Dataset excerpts
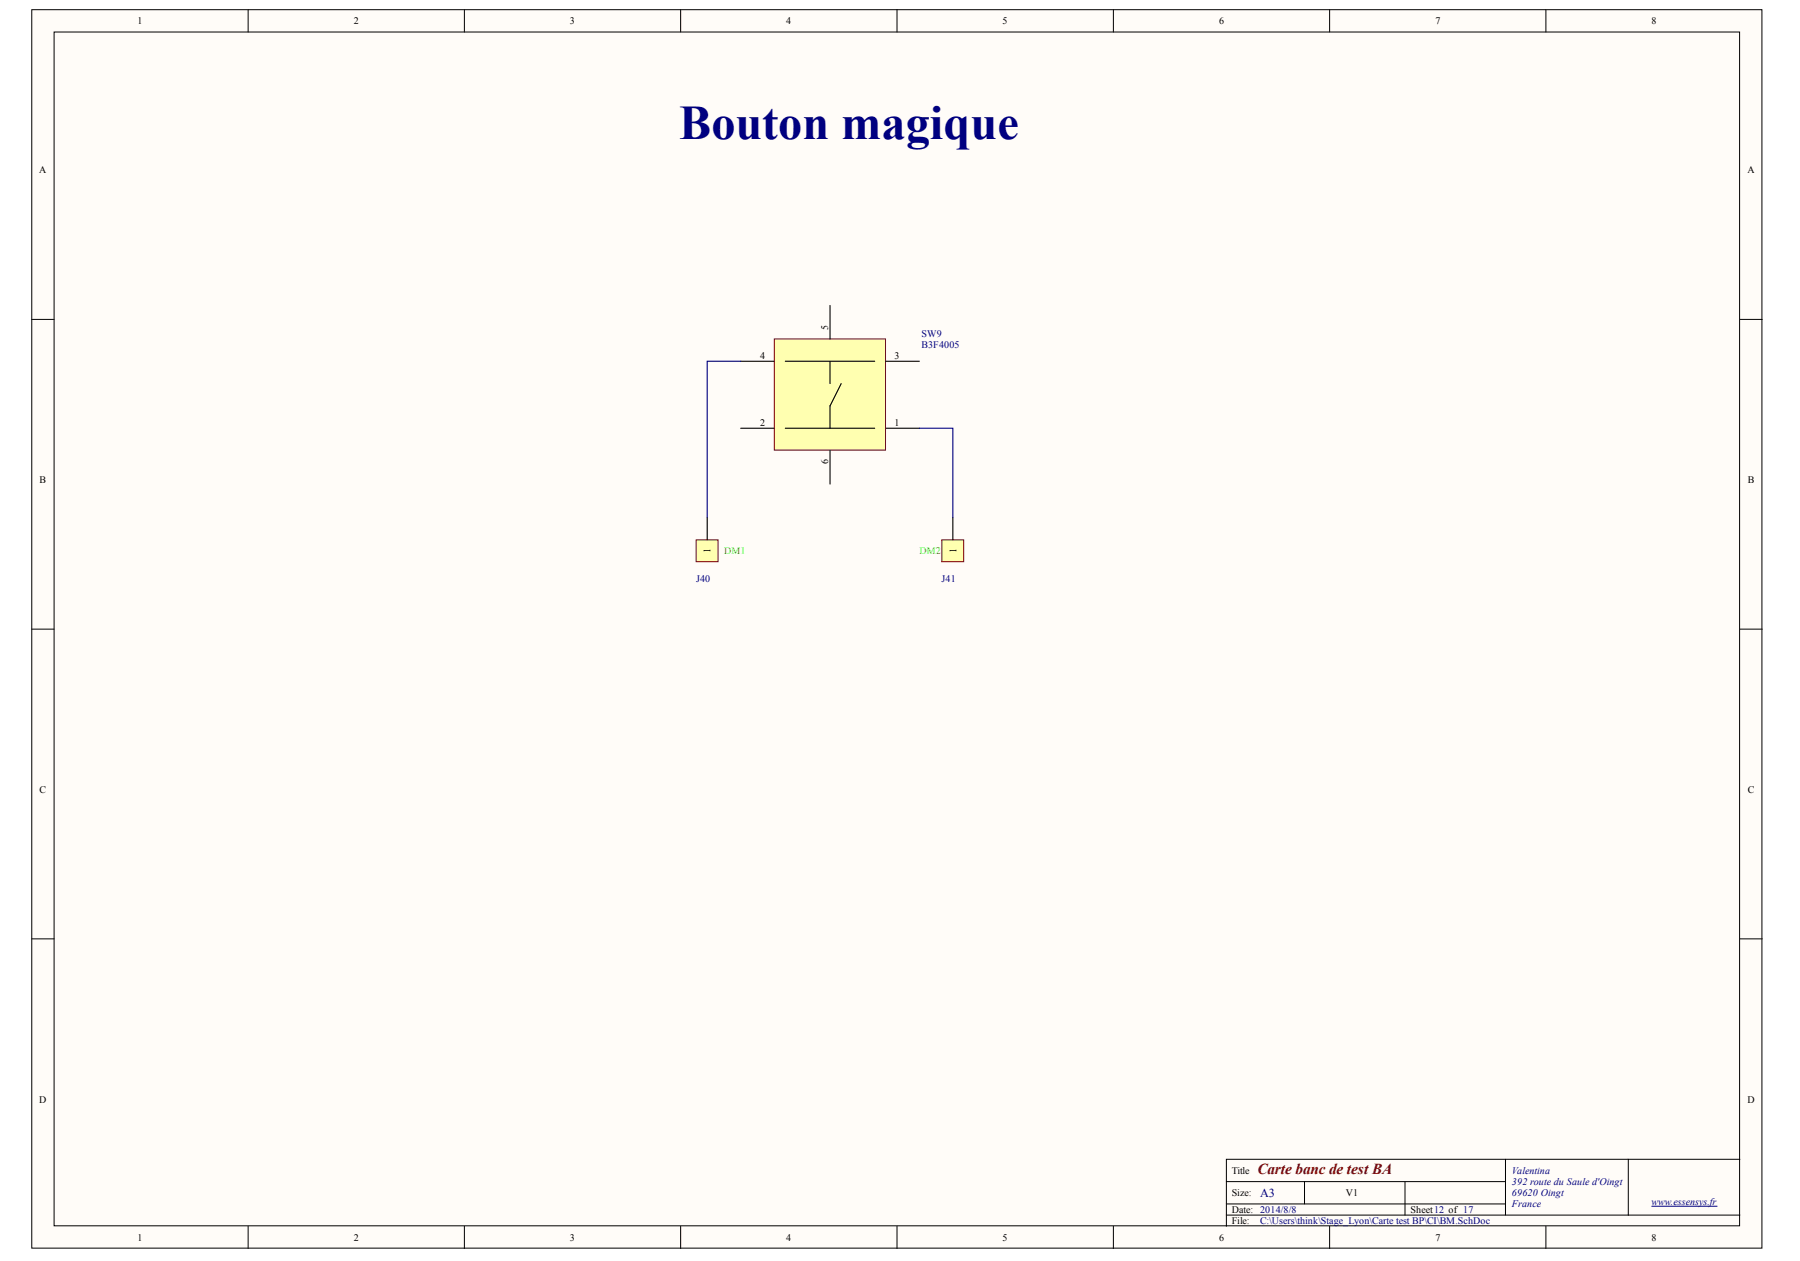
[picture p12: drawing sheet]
<svg xmlns="http://www.w3.org/2000/svg" width="291mm" height="204mm" viewBox="0 0 291 204" stroke-linecap="round" stroke-linejoin="round" font-family="sans-serif">
<defs><g id="words">
<text font-size="7.8" fill="#000080" x="109.8" y="22.4">Bouton magique</text>
<text font-size="2.5" fill="#800000" x="203.3" y="189.8">Carte banc de test BA</text>
<text font-size="2" fill="#000080" x="203.7" y="193.5">A3</text>
<g font-size="1.6">
<text x="22.2" y="3.9">1</text>
<text x="57.2" y="3.9">2</text>
<text x="92.2" y="3.9">3</text>
<text x="127.1" y="3.9">4</text>
<text x="162.1" y="3.9">5</text>
<text x="197.1" y="3.9">6</text>
<text x="232.1" y="3.9">7</text>
<text x="267.1" y="3.9">8</text>
<text x="6.3" y="28.1">A</text>
<text x="282.5" y="28.1">A</text>
<text x="133.9" y="53.4" transform="rotate(-90 133.9 53.4)">5</text>
<text x="122.9" y="58.1">4</text>
<text x="144.6" y="58.1">3</text>
<text x="122.9" y="68.9">2</text>
<text x="144.6" y="68.9">1</text>
<text x="133.9" y="75.1" transform="rotate(-90 133.9 75.1)">6</text>
<text x="6.4" y="78.1">B</text>
<text x="282.6" y="78.1">B</text>
<text x="114.9" y="89.4" transform="rotate(-90 114.9 89.4)">1</text>
<text x="154.6" y="89.4" transform="rotate(-90 154.6 89.4)">1</text>
<text x="6.4" y="128.2">C</text>
<text x="282.6" y="128.2">C</text>
<text x="6.3" y="178.3">D</text>
<text x="282.5" y="178.3">D</text>
<text x="199.2" y="189.8">Title</text>
<text x="199.2" y="193.5">Size:</text>
<text x="199.2" y="196.1">Date: 2014/8/8</text>
<text x="199.2" y="198">File:</text>
<text x="217.6" y="193.5">V1</text>
<text x="228.1" y="196.1">Sheet12 of 17</text>
<text x="22.2" y="200.6">1</text>
<text x="57.2" y="200.6">2</text>
<text x="92.2" y="200.6">3</text>
<text x="127.1" y="200.6">4</text>
<text x="162.1" y="200.6">5</text>
<text x="197.1" y="200.6">6</text>
<text x="232.1" y="200.6">7</text>
<text x="267.1" y="200.6">8</text>
</g>
<g font-size="1.6" fill="#000080">
<text x="149" y="54.4">SW9</text>
<text x="149" y="56.3">B3F4005</text>
<text x="112.6" y="94.2">J40</text>
<text x="152.2" y="94.2">J41</text>
<text x="244.5" y="189.8">Valentin¨¦a</text>
<text x="244.5" y="191.6">392 route du Saule d'Oingt</text>
<text x="203.7" y="198">C:\Users\think\Stage_Lyon\Carte test BP\CI\BM.SchDoc</text>
<text x="244.5" y="193.5">69620 Oingt</text>
<text x="244.5" y="195.2">France</text>
<text x="267.1" y="194.9">www.essensys.fr</text>
</g>
<g font-size="1.6" fill="#0f0">
<text x="117.1" y="89.7">DM1</text>
<text x="148.7" y="89.7">DM2</text>
</g>
</g></defs>
<g fill="#fffcf8" stroke="#000" stroke-width=".16">
<path d="M5.1 1.6h279.8v200.2h-279.8z"/>
<path d="M8.7 5.2h272.6v193h-272.6z"/>
</g>
<g fill="none" stroke="#000" stroke-width=".16">
<path d="M40.1 1.6v3.6M75.1 1.6v3.6M110.1 1.6v3.6M145 1.6v3.6M180 1.6v3.6M215 1.6v3.6M250 1.6v3.6M5.1 51.7h3.6M281.3 51.7h3.6M5.1 101.7h3.6M281.3 101.7h3.6M5.1 151.8h3.6"/>
<path d="M281.3 151.8h3.6M40.1 198.3v3.6M75.1 198.3v3.6M110.1 198.3v3.6M145 198.3v3.6M180 198.3v3.6M198.3 191.1h45.1M198.3 196.5h83M198.3 194.7h45.1M210.9 191.1v3.6M215 198.3v3.6M227.2 191.1v5.4"/>
<path d="M243.4 187.5v9M250 198.3v3.6M263.3 187.5h-65v10.8M281.3 187.5h-18v9"/>
</g>
<path d="M267.1 195h10.5" fill="none" stroke="#000080" stroke-width=".16"/>
<path d="M152.3 87.3h3.5v3.5h-3.5z" fill="#ffffb0" stroke="#800000" stroke-width=".16"/>
<path d="M154.1 83.7v3.6" fill="none" stroke="#000" stroke-width=".18"/>
<path d="M112.6 87.3h3.5v3.5h-3.5z" fill="#ffffb0" stroke="#800000" stroke-width=".16"/>
<path d="M114.3 83.7v3.6" fill="none" stroke="#000" stroke-width=".18"/>
<path d="M125.2 54.8h18v18h-18z" fill="#ffffb0" stroke="#800000" stroke-width=".16"/>
<path d="M119.8 58.4h5.4M127 58.4h14.4M134.2 49.4v5.4M134.2 58.4v3.6M143.2 58.4h5.4M119.8 69.2h5.4M127 69.2h14.4M134.2 72.9v5.4M136 62l-1.8 3.6v3.6M143.2 69.2h5.4" fill="none" stroke="#000" stroke-width=".18"/>
<path d="M119.8 58.4h-5.5v25.3M148.6 69.2h5.5v14.5" fill="none" stroke="#000080" stroke-width=".18"/>
<use href="#words"/>
</svg>

→ Task brief
Going through the data above, count each line that contains "font" and give only that figure.

→ Written answer
7